En gros, la configuration est à traction et le couple est relégué à l’arrière lorsque la situation le requiert. À l’usage, c’est efficace, mais pas révolutionnaire.

Là où la chose est plus intéressante, c’est lorsqu’on a la chance d’activer et de désactiver les aides à la conduire sur un circuit fermé. Ça nous permet d’observer de quelle façon le système s’exécute, avec ou sans les contrôles de traction et de stabilité activés. C’est là que son efficacité se confirme

Fait amusant, lors de notre exercice, un ingénieur coréen est surgi de nulle part pour se glisser sous le tableau de bord afin de nous désactiver la motricité aux roues arrière. Ainsi, sans avoir à changer de véhicule, nous sommes passés de la traction intégrale à la traction en quelques instants; bien entendu, la différence est énorme.

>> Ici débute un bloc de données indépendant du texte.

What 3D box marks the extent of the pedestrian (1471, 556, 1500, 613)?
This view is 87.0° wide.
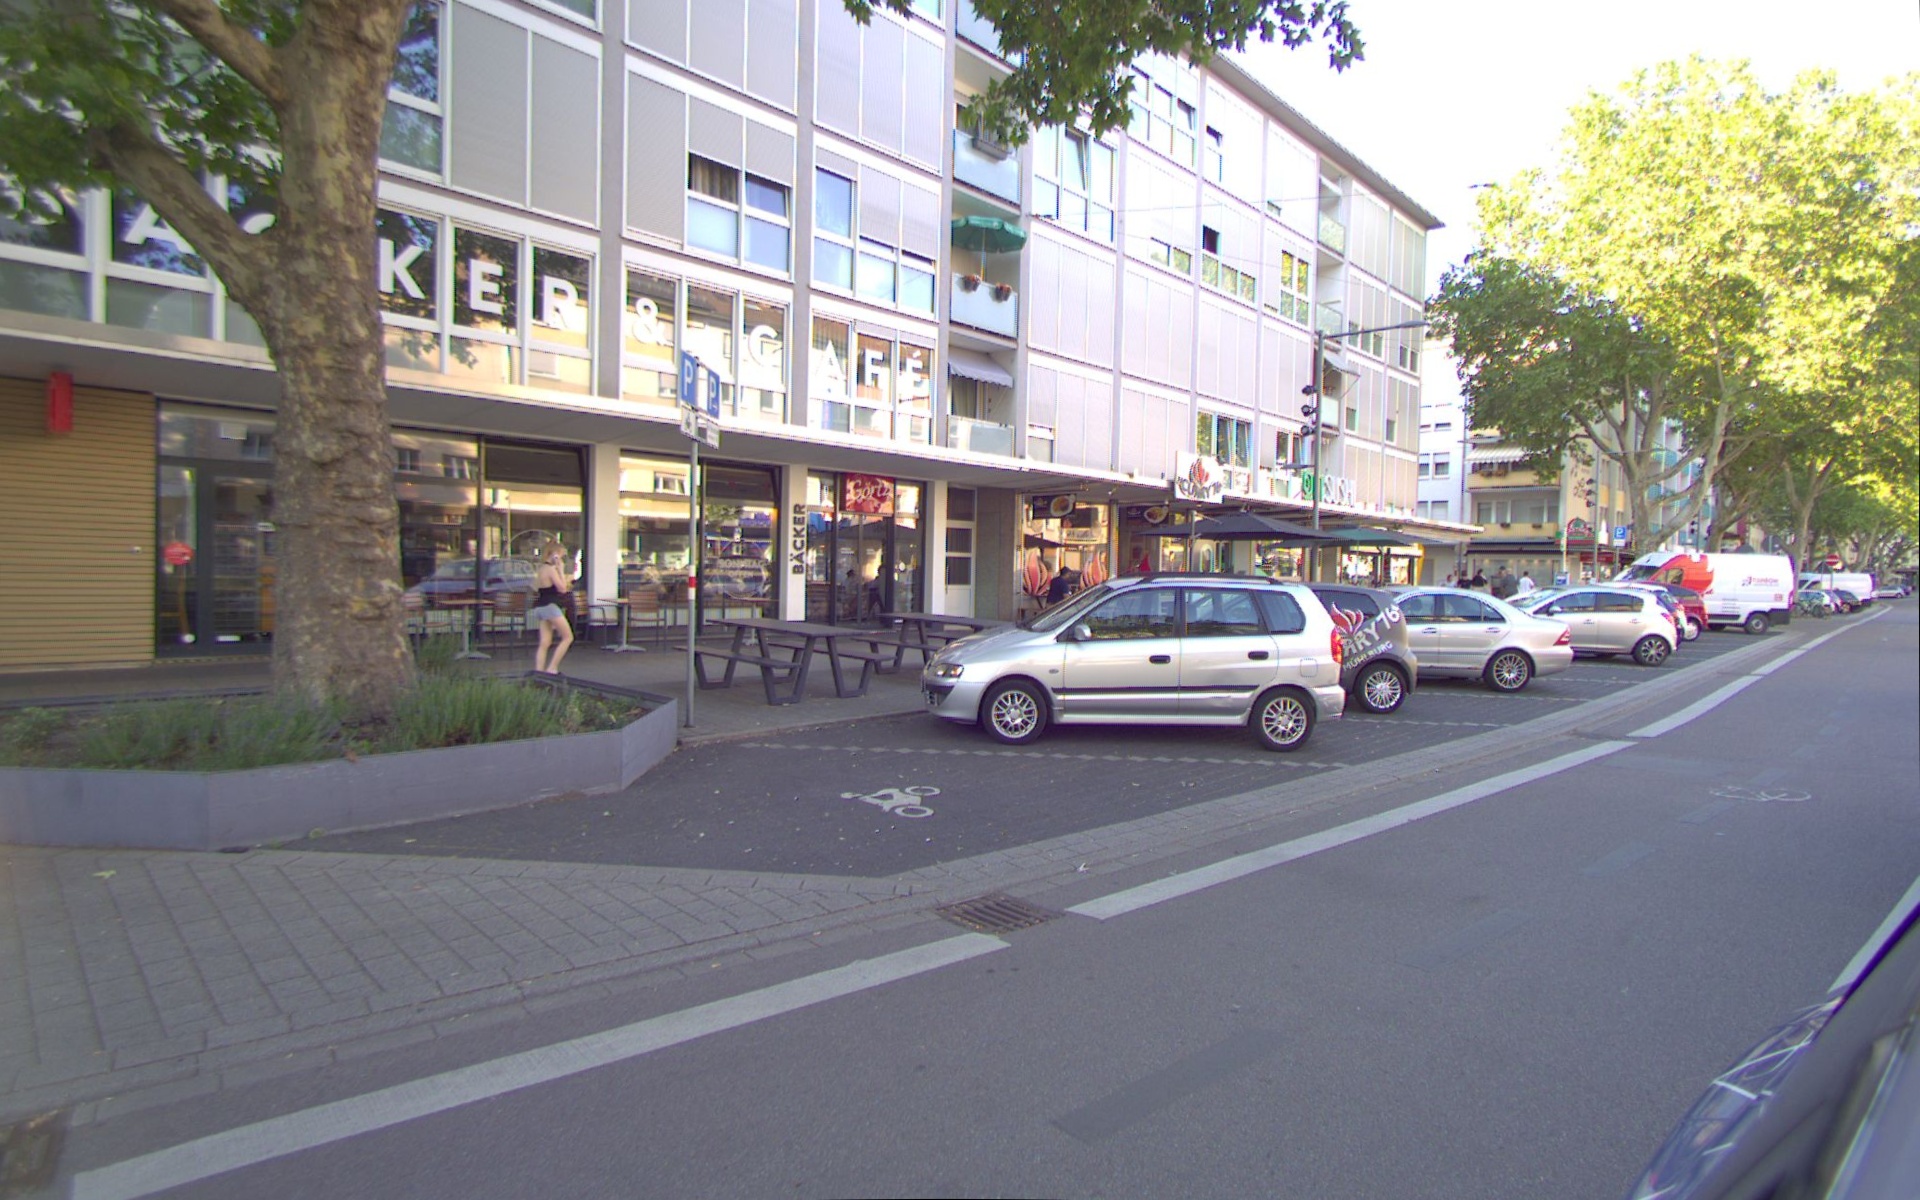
[{"bbox_3d":[18.959,-0.568,36.494,0.746,2.000,0.566,3,2,45],"label":"pedestrian"}]

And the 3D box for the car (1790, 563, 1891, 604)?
[{"bbox_3d":[56.587,-1.065,65.102,4.512,2.499,1.977,1,2,3],"label":"car"}]

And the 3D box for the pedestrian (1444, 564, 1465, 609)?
[{"bbox_3d":[18.565,-0.520,37.986,0.536,1.660,0.470,2,2,45],"label":"pedestrian"}]

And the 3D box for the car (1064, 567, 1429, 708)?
[{"bbox_3d":[3.350,0.406,12.324,3.864,1.446,1.679,2,3,-3],"label":"car"}]

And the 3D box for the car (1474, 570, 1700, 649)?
[{"bbox_3d":[13.917,0.154,22.711,3.886,1.446,1.670,3,3,16],"label":"car"}]

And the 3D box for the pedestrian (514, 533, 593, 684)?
[{"bbox_3d":[-4.462,0.080,11.108,0.559,1.596,0.632,2,2,44],"label":"pedestrian"}]

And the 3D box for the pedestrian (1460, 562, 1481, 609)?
[{"bbox_3d":[18.964,-0.540,37.572,0.544,1.741,0.450,2,2,45],"label":"pedestrian"}]

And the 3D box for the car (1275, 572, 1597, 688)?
[{"bbox_3d":[6.835,0.394,14.823,3.867,1.418,1.598,2,3,1],"label":"car"}]

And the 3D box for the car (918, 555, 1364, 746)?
[{"bbox_3d":[1.589,0.421,9.820,3.906,1.560,1.679,2,3,-3],"label":"car"}]

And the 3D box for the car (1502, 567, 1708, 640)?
[{"bbox_3d":[15.923,0.050,25.202,3.888,1.445,1.669,4,5,17],"label":"car"}]

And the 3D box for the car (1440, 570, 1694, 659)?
[{"bbox_3d":[11.765,0.242,19.808,3.871,1.446,1.559,3,3,4],"label":"car"}]

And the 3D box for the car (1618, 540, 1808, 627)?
[{"bbox_3d":[23.775,-0.540,32.067,4.514,2.525,1.675,2,1,5],"label":"car"}]

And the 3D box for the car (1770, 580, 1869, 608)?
[{"bbox_3d":[48.047,-0.346,56.616,3.864,1.422,1.782,1,2,3],"label":"car"}]

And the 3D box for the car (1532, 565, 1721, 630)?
[{"bbox_3d":[18.075,-0.105,27.634,3.888,1.445,1.669,4,5,17],"label":"car"}]

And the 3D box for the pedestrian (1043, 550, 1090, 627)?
[{"bbox_3d":[2.252,-0.254,21.383,0.757,1.602,0.583,0,2,-39],"label":"pedestrian"}]

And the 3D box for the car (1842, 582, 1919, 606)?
[{"bbox_3d":[56.295,-0.366,61.412,3.864,1.350,1.782,1,2,3],"label":"car"}]

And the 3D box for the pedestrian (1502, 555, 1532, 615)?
[{"bbox_3d":[19.237,-0.536,34.940,0.746,2.038,0.550,3,2,45],"label":"pedestrian"}]

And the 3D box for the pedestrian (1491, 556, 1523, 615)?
[{"bbox_3d":[19.345,-0.527,35.796,0.746,2.038,0.752,3,2,45],"label":"pedestrian"}]

Ça me permet de vous rappeler que le Santa Fe XL est servi en configuration à traction à travers la gamme et que la motricité aux quatre roues est offerte en option, sauf sur le modèle de base.

Conclusion
On va se dire les vraies choses. Grosso modo, tous les systèmes à traction intégrale sur le marché sont efficaces. Oui, certains sont plus compétents que d’autres, mais dans la conduite de tous les jours, ils augmentent tous le niveau de sécurité du véhicule qu’ils servent.

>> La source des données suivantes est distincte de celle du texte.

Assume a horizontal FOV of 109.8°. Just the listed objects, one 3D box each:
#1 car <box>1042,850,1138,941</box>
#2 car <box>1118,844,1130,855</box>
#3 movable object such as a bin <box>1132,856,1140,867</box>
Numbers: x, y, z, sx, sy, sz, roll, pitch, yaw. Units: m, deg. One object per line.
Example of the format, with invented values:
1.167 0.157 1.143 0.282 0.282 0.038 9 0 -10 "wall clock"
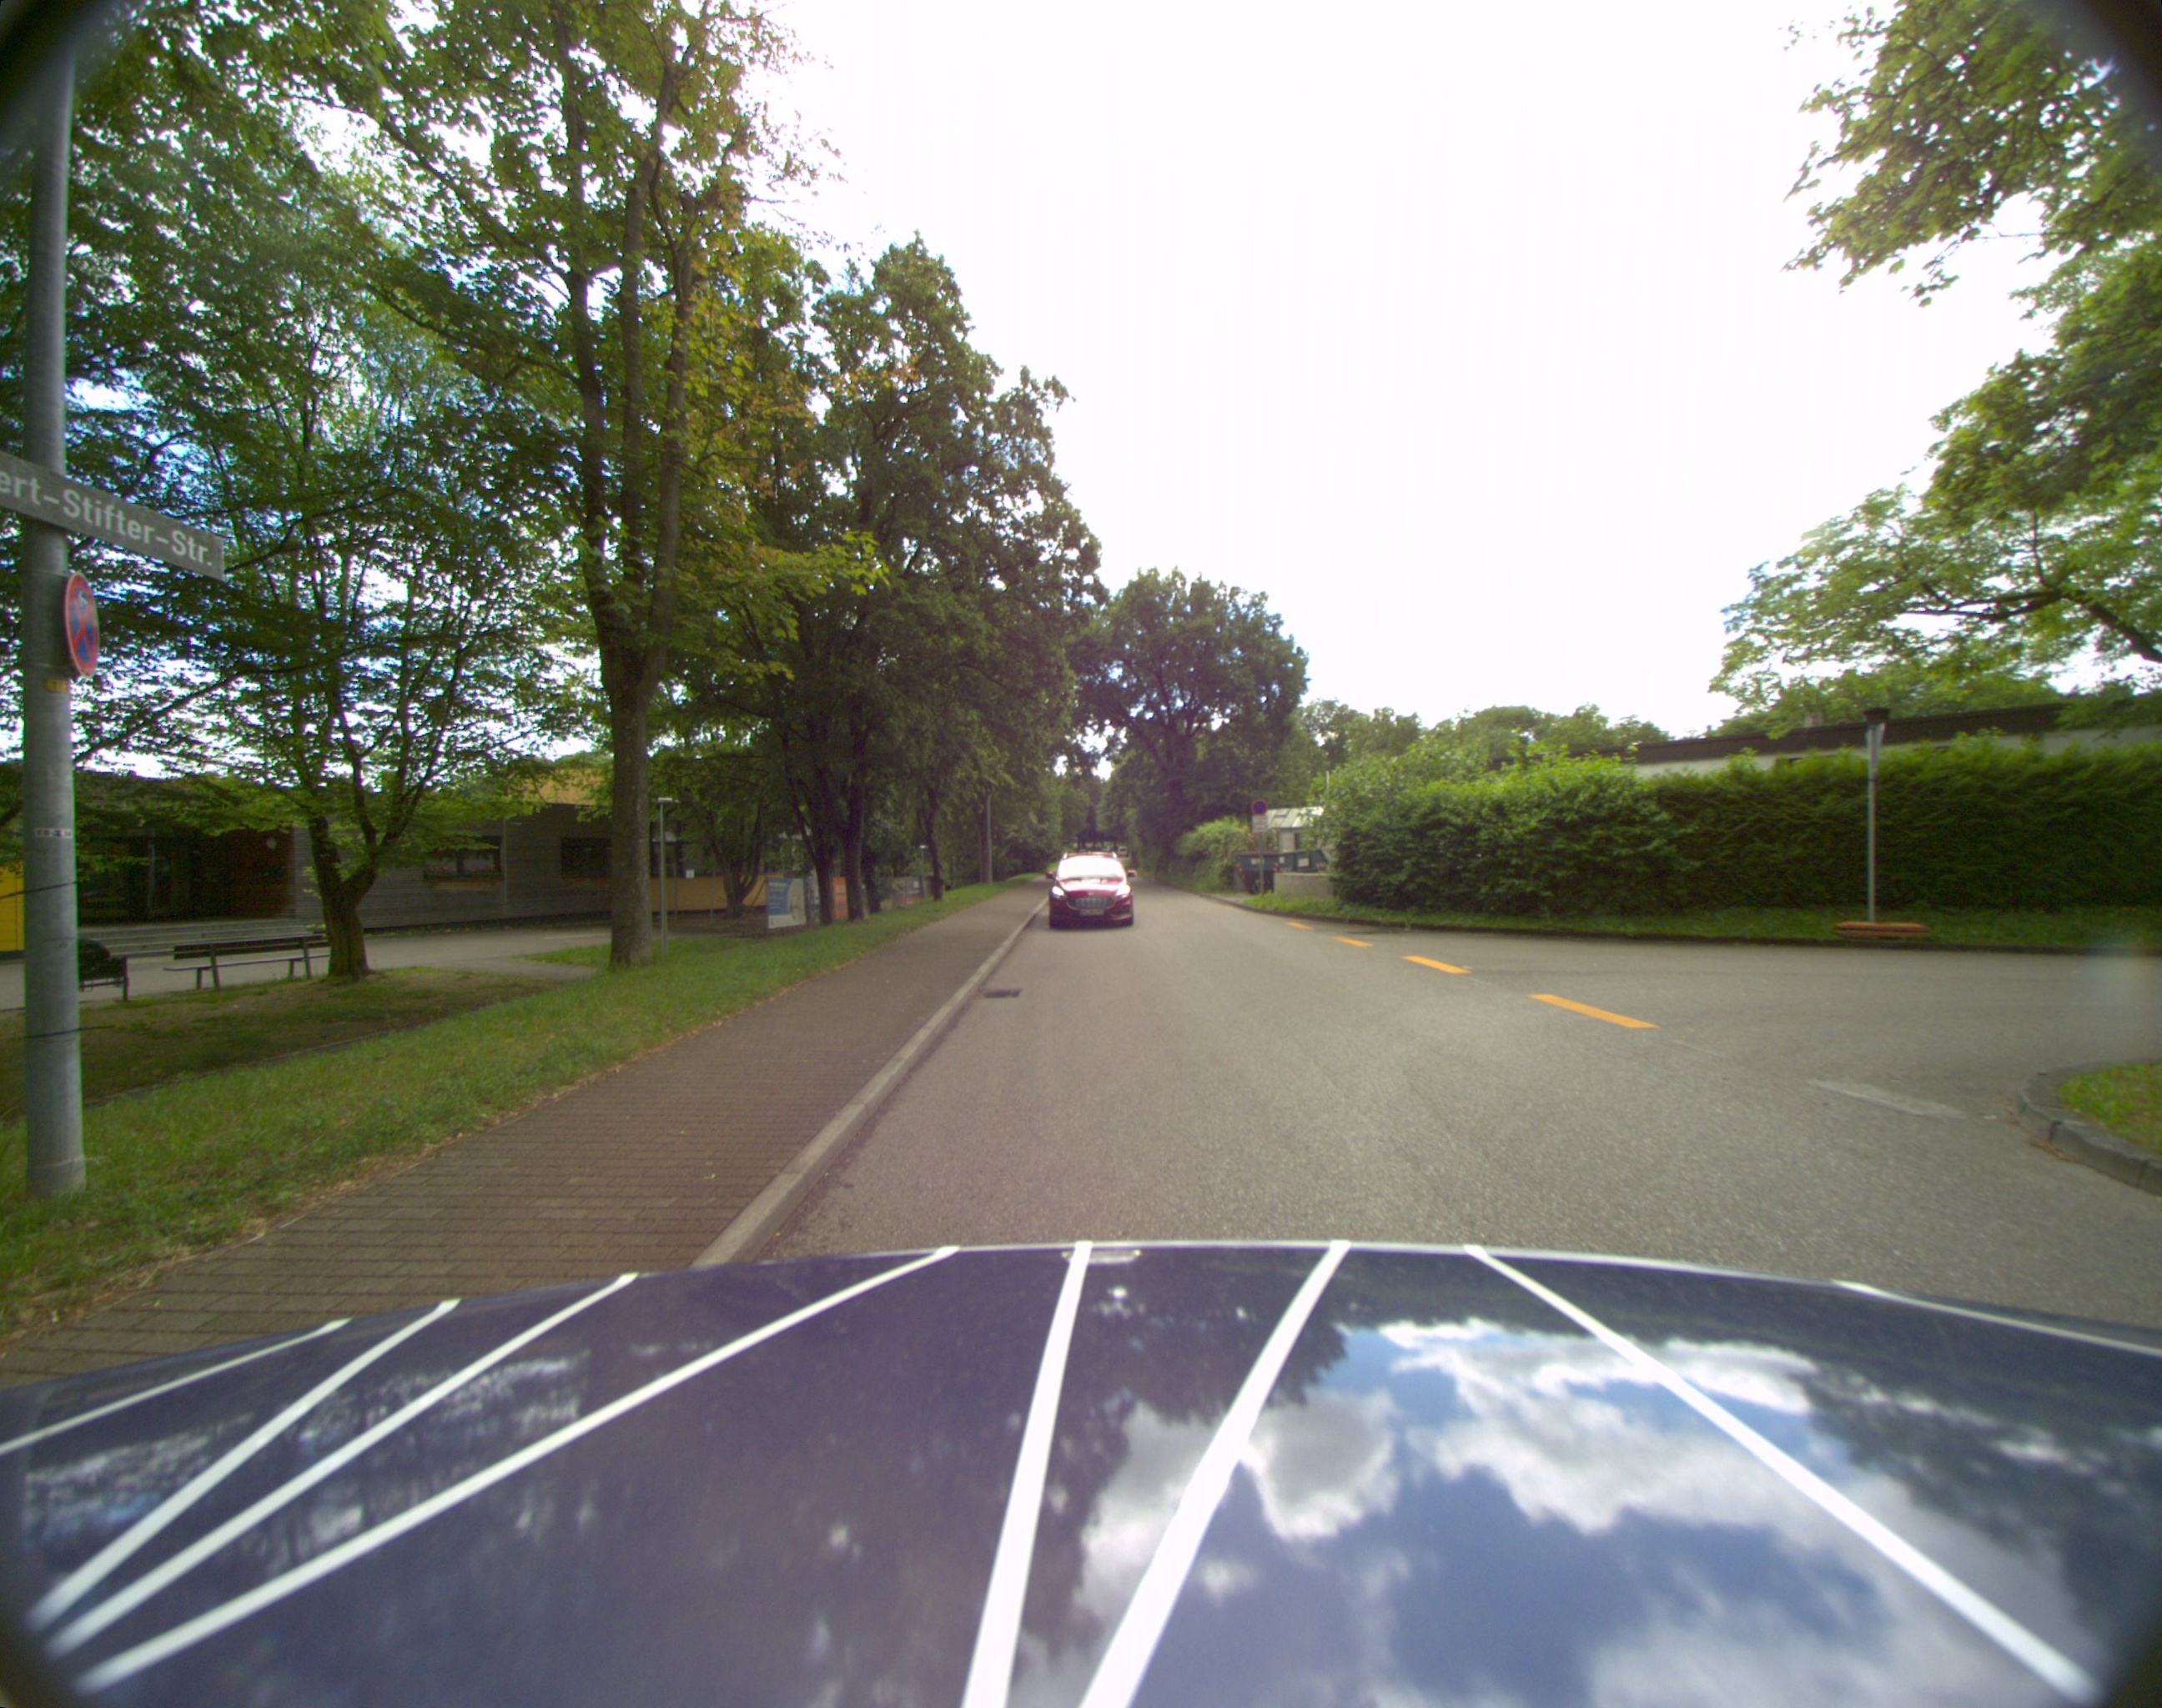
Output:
0.328 0.831 17.334 1.816 1.718 4.001 1 2 6 "car"
7.535 -0.842 134.812 1.878 1.903 4.430 0 1 0 "car"
5.235 0.690 72.809 0.649 1.007 0.632 0 2 16 "movable object such as a bin"

Si vous conduisez de façon plus agressive l’hiver, il y a lieu d’opter pour des voitures offrants des systèmes plus sophistiqués, y compris le HTRAC de la Hyundai Genesis.

Autrement, l’ensemble des autres systèmes vous satisfera.

Je vous laisserai seulement avec ce conseil. Lors de l’achat d’une voiture en hiver, n’hésitez pas à aller la mettre à l’essai pendant un blizzard ou dans un stationnement vide et enneigé. Vous aurez alors l’occasion de découvrir de quelle façon travaille sa traction intégrale et vous saurez alors si elle convient à votre façon de conduire.

Certains systèmes d’aides à la conduite viennent influencer le travail de ces tractions en étant plus intrusifs alors que d’autres s’avèrent plus permissifs. Les premiers rassurent les conducteurs plus nerveux et frustrent les plus expérimentés. Les deuxièmes ont l’effet inverse; ils angoissent les premiers et plaisent aux deuxièmes.

À chacun sa traction intégrale.

Et Hyundai en offre pour tous les goûts.